*Your task*. Your job with the data below: print everything from the line that holds "Answer: 1.14 At" down to the line that holds "Answer: x = 4.5", ends included, exactly, and nothing else.

*Study material*.

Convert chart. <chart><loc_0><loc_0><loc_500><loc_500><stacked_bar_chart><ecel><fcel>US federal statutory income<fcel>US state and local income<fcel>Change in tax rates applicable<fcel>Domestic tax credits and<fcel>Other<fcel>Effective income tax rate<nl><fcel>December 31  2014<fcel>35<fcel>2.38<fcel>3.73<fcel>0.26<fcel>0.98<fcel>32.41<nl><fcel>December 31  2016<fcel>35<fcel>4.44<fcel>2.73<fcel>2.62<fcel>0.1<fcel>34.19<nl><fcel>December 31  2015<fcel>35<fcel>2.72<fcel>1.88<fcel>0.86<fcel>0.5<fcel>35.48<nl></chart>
--
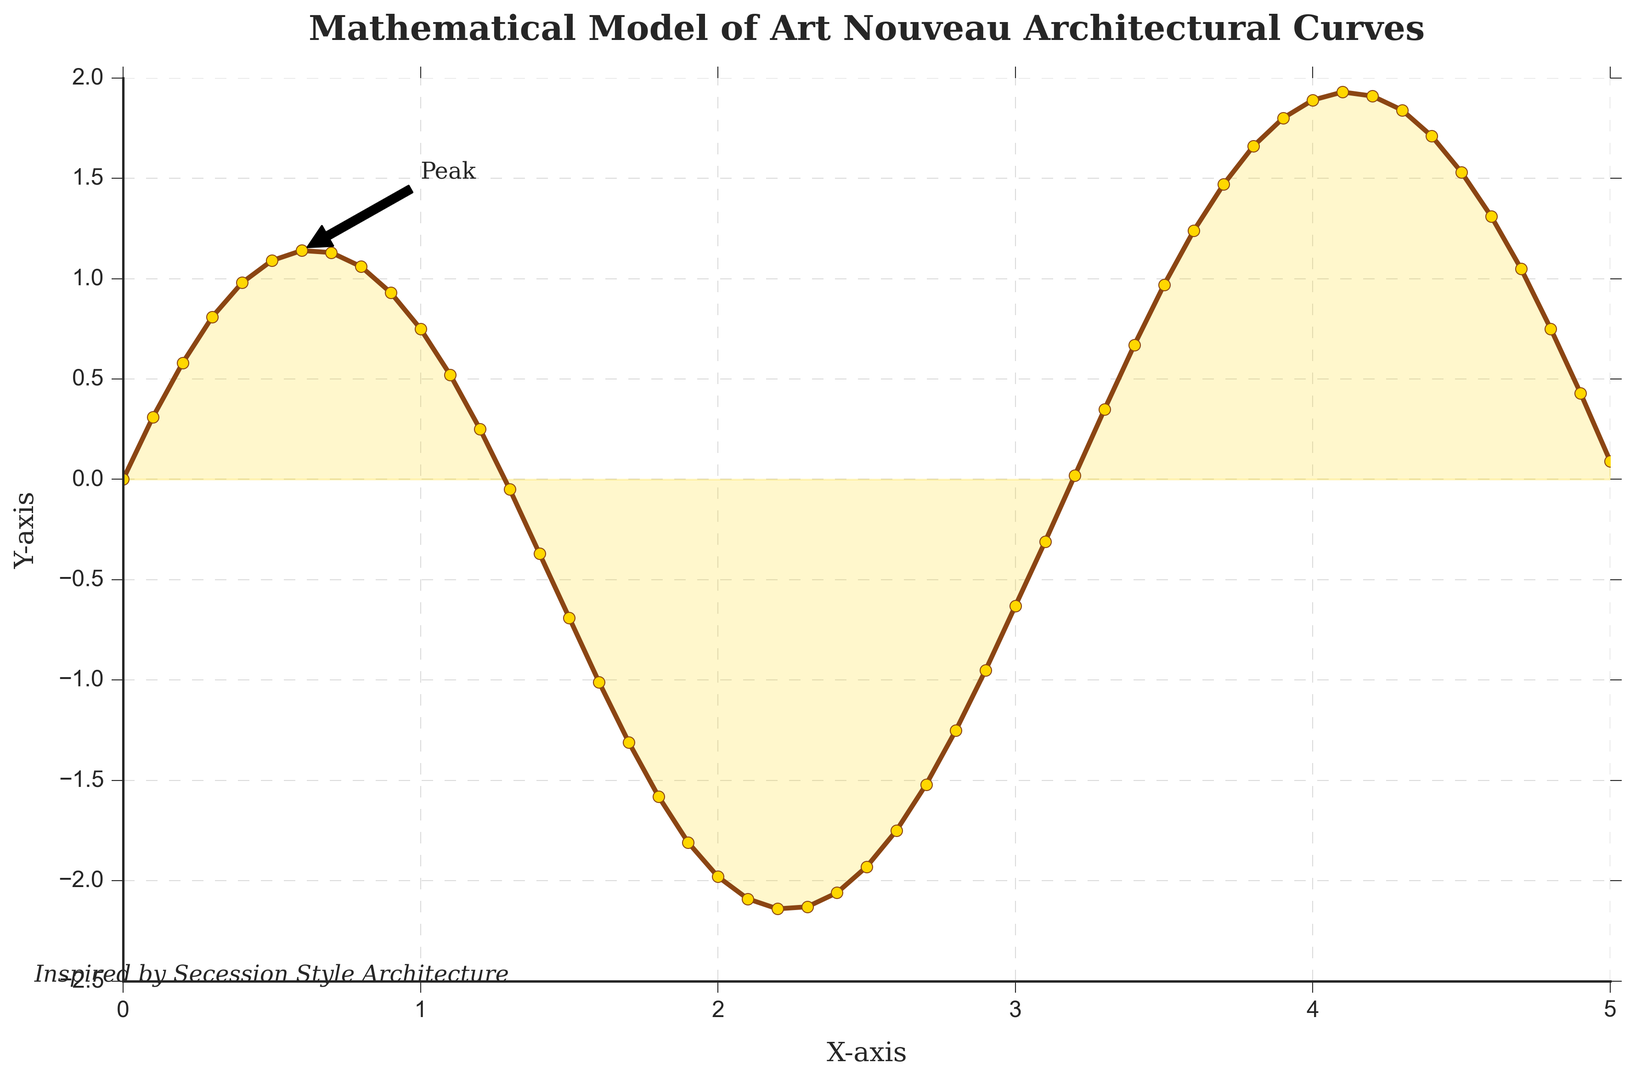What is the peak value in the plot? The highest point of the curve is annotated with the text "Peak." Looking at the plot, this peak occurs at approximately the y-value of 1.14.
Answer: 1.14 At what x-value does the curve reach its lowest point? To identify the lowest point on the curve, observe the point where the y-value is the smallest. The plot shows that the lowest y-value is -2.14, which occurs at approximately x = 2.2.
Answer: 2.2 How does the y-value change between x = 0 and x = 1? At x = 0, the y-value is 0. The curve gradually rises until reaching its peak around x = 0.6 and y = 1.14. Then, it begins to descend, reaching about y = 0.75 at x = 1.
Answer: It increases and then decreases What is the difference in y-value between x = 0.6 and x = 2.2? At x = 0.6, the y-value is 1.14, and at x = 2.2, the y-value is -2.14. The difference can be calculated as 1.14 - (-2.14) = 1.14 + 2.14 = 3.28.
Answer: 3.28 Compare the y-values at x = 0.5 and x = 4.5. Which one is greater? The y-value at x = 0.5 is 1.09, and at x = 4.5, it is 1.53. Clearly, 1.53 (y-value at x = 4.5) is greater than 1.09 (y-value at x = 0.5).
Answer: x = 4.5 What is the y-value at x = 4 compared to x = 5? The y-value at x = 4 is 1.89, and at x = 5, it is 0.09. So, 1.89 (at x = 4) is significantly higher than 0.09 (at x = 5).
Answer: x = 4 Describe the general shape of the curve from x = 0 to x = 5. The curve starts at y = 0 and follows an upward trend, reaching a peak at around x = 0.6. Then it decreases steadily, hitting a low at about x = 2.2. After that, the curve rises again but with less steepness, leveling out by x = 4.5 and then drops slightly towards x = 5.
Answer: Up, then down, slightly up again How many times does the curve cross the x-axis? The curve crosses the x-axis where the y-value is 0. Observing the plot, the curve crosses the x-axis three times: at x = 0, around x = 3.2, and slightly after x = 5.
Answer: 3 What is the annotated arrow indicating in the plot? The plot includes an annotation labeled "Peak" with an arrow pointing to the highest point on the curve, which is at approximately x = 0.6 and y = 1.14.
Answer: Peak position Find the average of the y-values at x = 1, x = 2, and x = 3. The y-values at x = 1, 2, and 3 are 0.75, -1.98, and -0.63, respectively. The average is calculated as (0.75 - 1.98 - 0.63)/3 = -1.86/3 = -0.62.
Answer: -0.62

*Answer to the exercise*.
Answer: 1.14 At what x-value does the curve reach its lowest point? To identify the lowest point on the curve, observe the point where the y-value is the smallest. The plot shows that the lowest y-value is -2.14, which occurs at approximately x = 2.2.
Answer: 2.2 How does the y-value change between x = 0 and x = 1? At x = 0, the y-value is 0. The curve gradually rises until reaching its peak around x = 0.6 and y = 1.14. Then, it begins to descend, reaching about y = 0.75 at x = 1.
Answer: It increases and then decreases What is the difference in y-value between x = 0.6 and x = 2.2? At x = 0.6, the y-value is 1.14, and at x = 2.2, the y-value is -2.14. The difference can be calculated as 1.14 - (-2.14) = 1.14 + 2.14 = 3.28.
Answer: 3.28 Compare the y-values at x = 0.5 and x = 4.5. Which one is greater? The y-value at x = 0.5 is 1.09, and at x = 4.5, it is 1.53. Clearly, 1.53 (y-value at x = 4.5) is greater than 1.09 (y-value at x = 0.5).
Answer: x = 4.5 What is the y-value at x = 4 compared to x = 5? The y-value at x = 4 is 1.89, and at x = 5, it is 0.09. So, 1.89 (at x = 4) is significantly higher than 0.09 (at x = 5).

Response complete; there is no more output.